(Data extracted from a collection)
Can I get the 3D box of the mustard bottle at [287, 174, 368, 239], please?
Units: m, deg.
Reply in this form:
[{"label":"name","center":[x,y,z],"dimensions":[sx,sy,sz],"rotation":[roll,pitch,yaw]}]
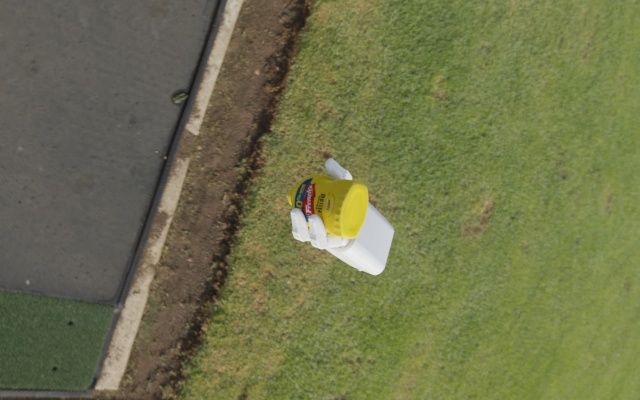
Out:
[{"label":"mustard bottle","center":[0.000,0.003,0.847],"dimensions":[0.058,0.096,0.191],"rotation":[9,3,-38]}]

Work to be completed>
You are asked to output the records precisely as they appear, minus any pictures.

Task solution>
Can I get the 3D box of the mustard bottle at [287, 174, 368, 239], please?
Units: m, deg.
Reply in this form:
[{"label":"name","center":[x,y,z],"dimensions":[sx,sy,sz],"rotation":[roll,pitch,yaw]}]
Out:
[{"label":"mustard bottle","center":[0.000,0.003,0.847],"dimensions":[0.058,0.096,0.191],"rotation":[9,3,-38]}]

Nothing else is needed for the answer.